§ **REQUIRED WORK**
Look in the material below for the line with "Continue with the rack frame" and the line with "Lengths in meters, angles in degrees. One", then set down exactly those two lines and all lines between, nothing more.

§ **MATERIAL SUPPLIED**
────────────────────────────────────────
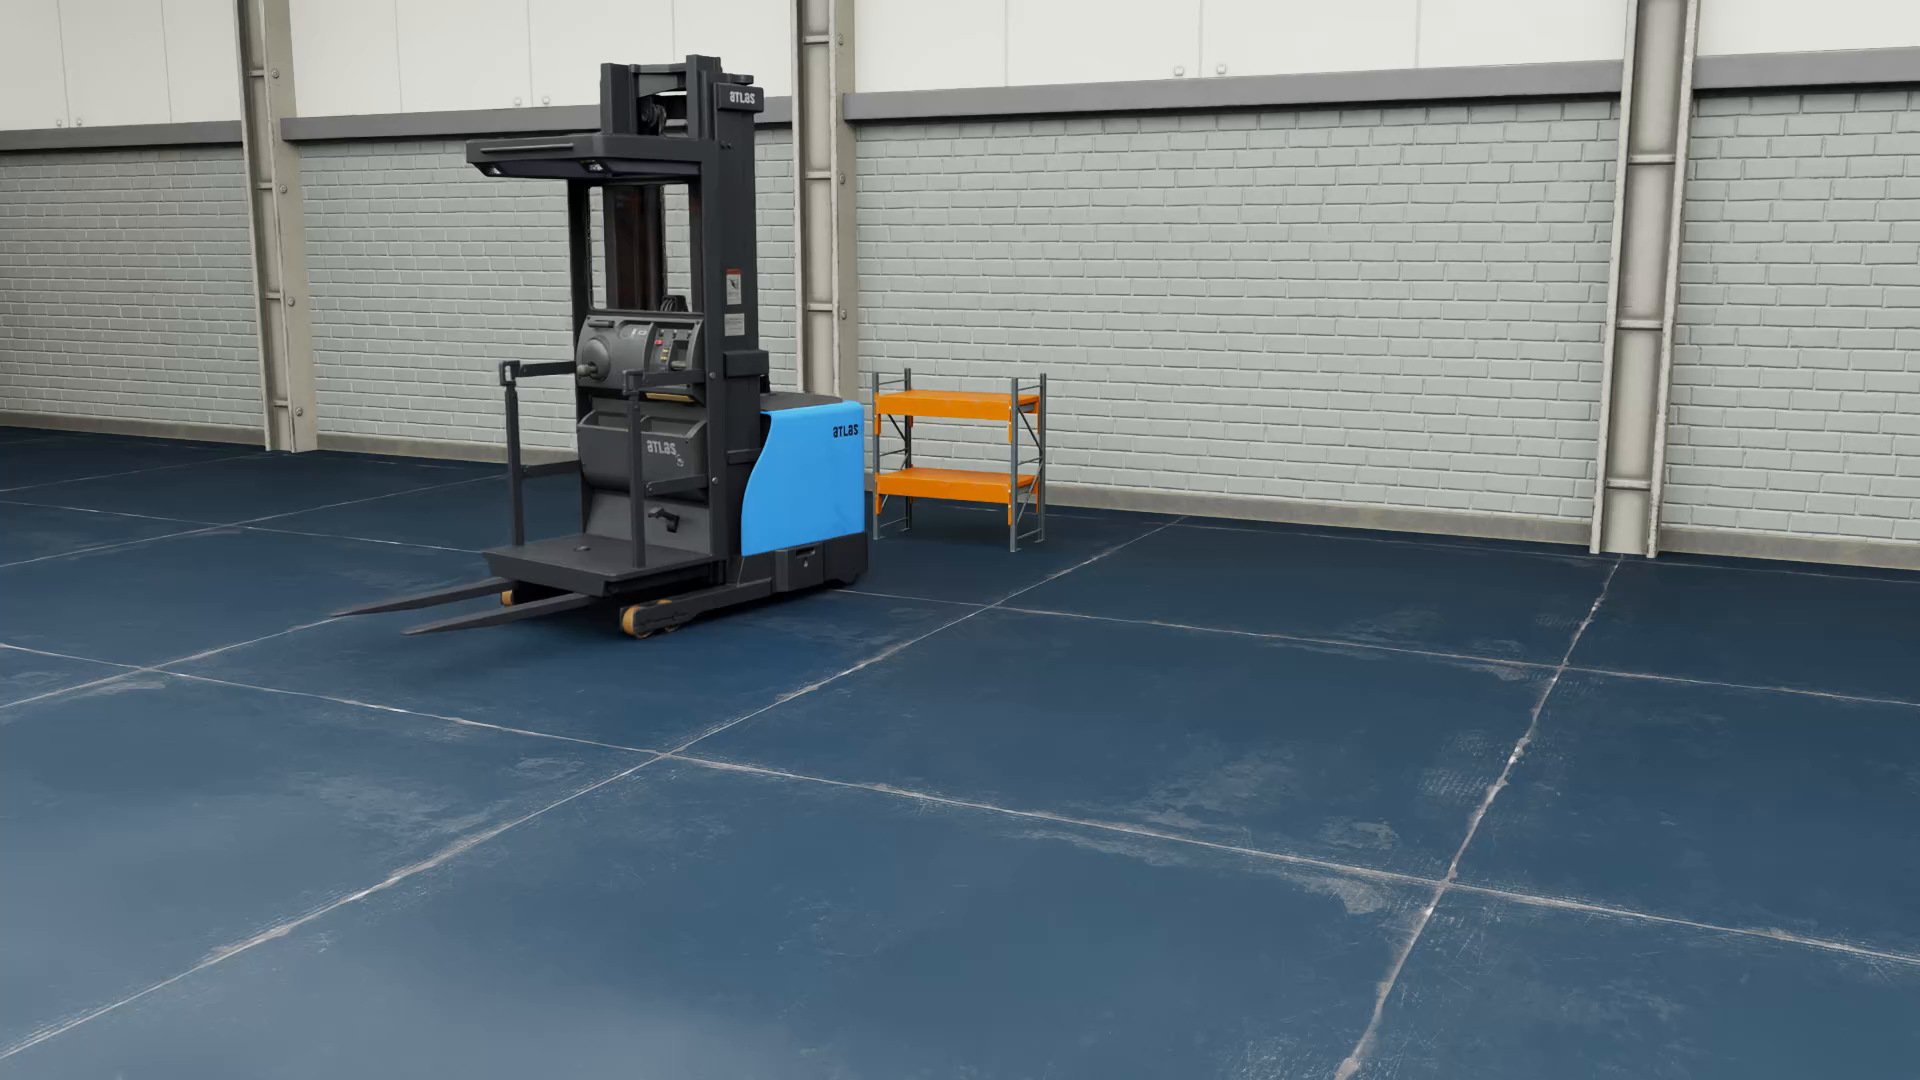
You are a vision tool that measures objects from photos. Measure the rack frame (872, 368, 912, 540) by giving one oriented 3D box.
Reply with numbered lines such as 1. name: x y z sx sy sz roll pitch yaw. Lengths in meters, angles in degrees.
1. rack frame: -0.462 -0.594 11.354 0.032 1.125 0.500 5 11 26

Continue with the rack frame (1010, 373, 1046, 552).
1. rack frame: 0.450 -0.514 10.912 0.032 1.125 0.500 5 11 26

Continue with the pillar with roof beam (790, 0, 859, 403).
1. pillar with roof beam: -2.961 -4.139 8.833 0.400 9.000 9.100 5 11 26

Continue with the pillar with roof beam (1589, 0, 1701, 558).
1. pillar with roof beam: 2.419 -3.667 6.221 0.400 9.000 9.100 5 11 26

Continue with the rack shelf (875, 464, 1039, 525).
1. rack shelf: -0.006 -0.313 11.177 1.000 0.278 0.538 5 11 26

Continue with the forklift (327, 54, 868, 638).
1. forklift: -1.853 -1.042 8.756 1.130 2.935 3.031 8 13 38

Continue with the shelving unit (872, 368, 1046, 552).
1. shelving unit: -0.006 -0.554 11.133 1.048 1.125 0.538 5 11 26

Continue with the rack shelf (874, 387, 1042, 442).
1. rack shelf: -0.006 -0.842 11.081 1.000 0.278 0.538 5 11 26

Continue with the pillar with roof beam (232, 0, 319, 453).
1. pillar with roof beam: -8.342 -4.612 11.446 0.400 9.000 9.100 5 11 26
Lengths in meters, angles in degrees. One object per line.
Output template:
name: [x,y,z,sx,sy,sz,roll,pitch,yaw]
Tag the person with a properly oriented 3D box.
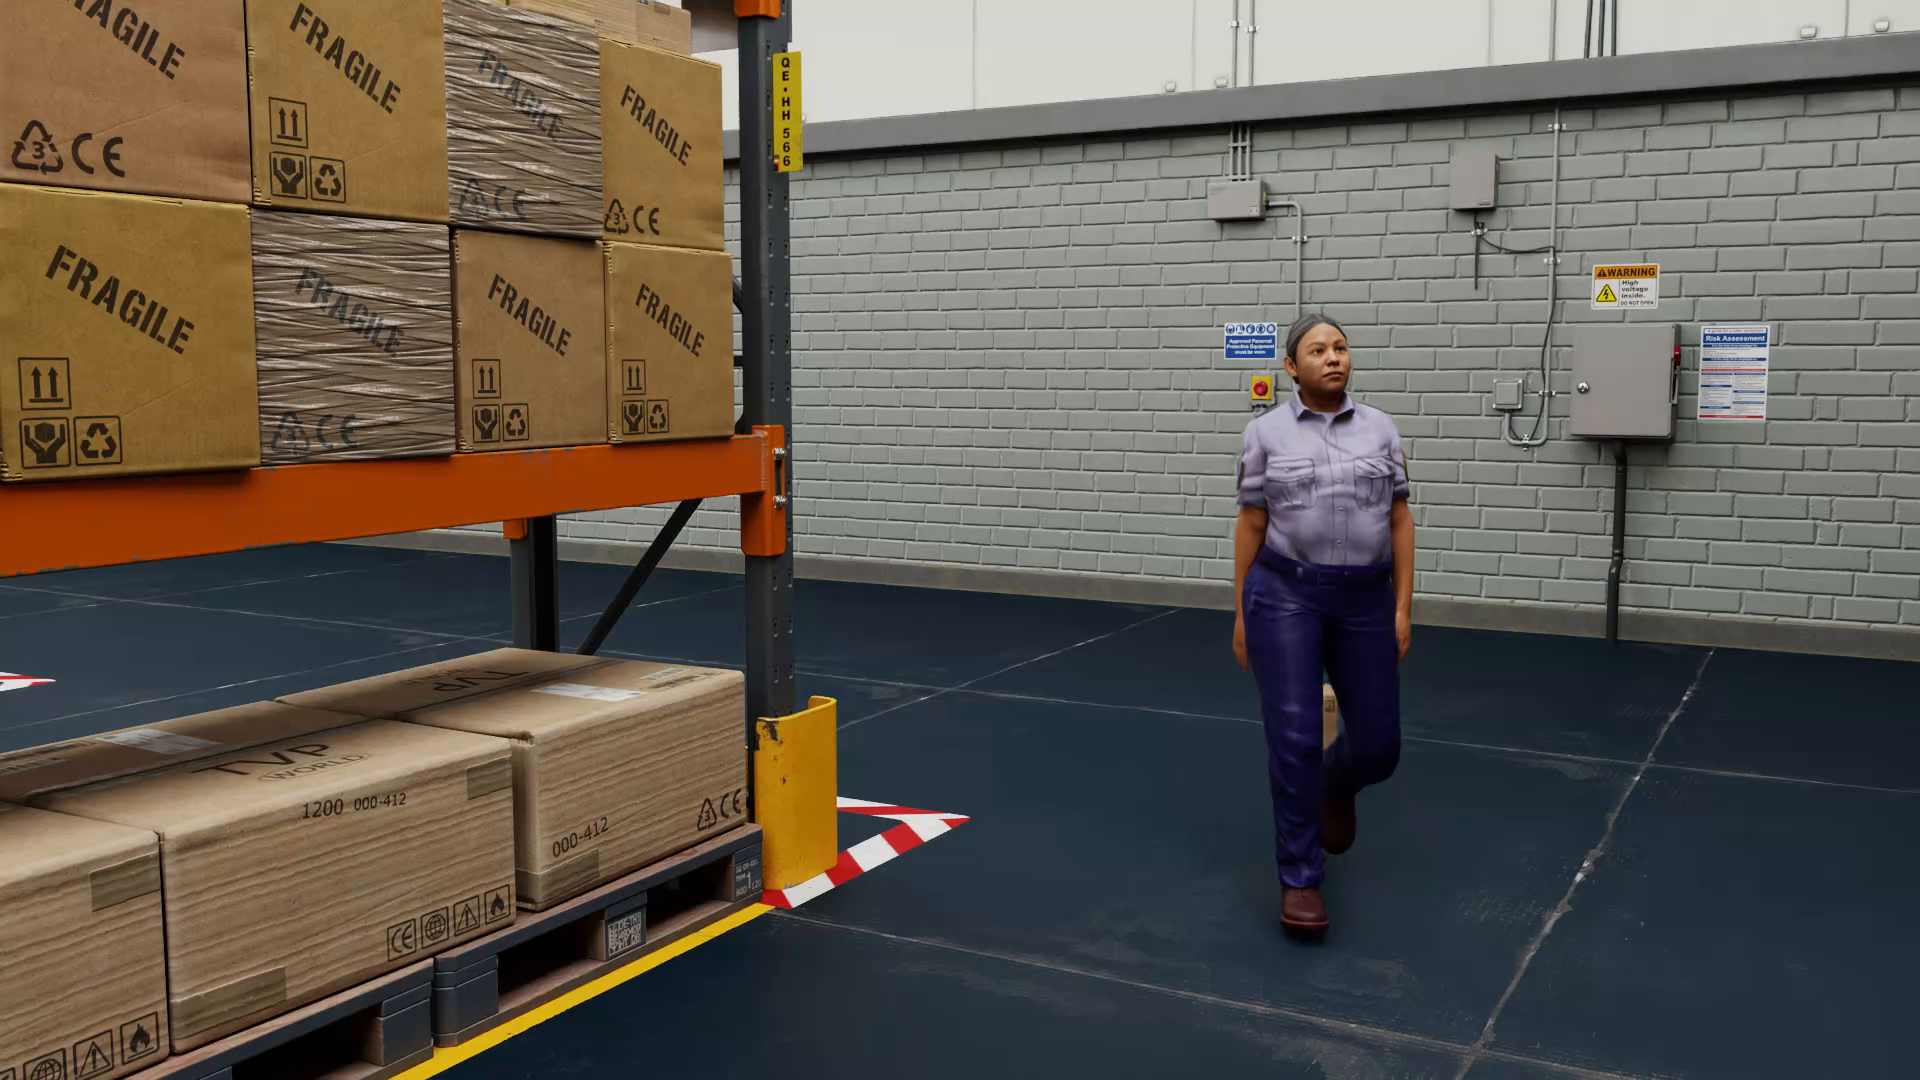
person: [0.999,0.199,4.574,0.488,1.583,0.731,0,6,-1]
────────────────────────────────────────
§ **WRITTEN RESPONSE**
Continue with the rack frame (1010, 373, 1046, 552).
1. rack frame: 0.450 -0.514 10.912 0.032 1.125 0.500 5 11 26

Continue with the pillar with roof beam (790, 0, 859, 403).
1. pillar with roof beam: -2.961 -4.139 8.833 0.400 9.000 9.100 5 11 26

Continue with the pillar with roof beam (1589, 0, 1701, 558).
1. pillar with roof beam: 2.419 -3.667 6.221 0.400 9.000 9.100 5 11 26

Continue with the rack shelf (875, 464, 1039, 525).
1. rack shelf: -0.006 -0.313 11.177 1.000 0.278 0.538 5 11 26

Continue with the forklift (327, 54, 868, 638).
1. forklift: -1.853 -1.042 8.756 1.130 2.935 3.031 8 13 38

Continue with the shelving unit (872, 368, 1046, 552).
1. shelving unit: -0.006 -0.554 11.133 1.048 1.125 0.538 5 11 26

Continue with the rack shelf (874, 387, 1042, 442).
1. rack shelf: -0.006 -0.842 11.081 1.000 0.278 0.538 5 11 26

Continue with the pillar with roof beam (232, 0, 319, 453).
1. pillar with roof beam: -8.342 -4.612 11.446 0.400 9.000 9.100 5 11 26
Lengths in meters, angles in degrees. One object per line.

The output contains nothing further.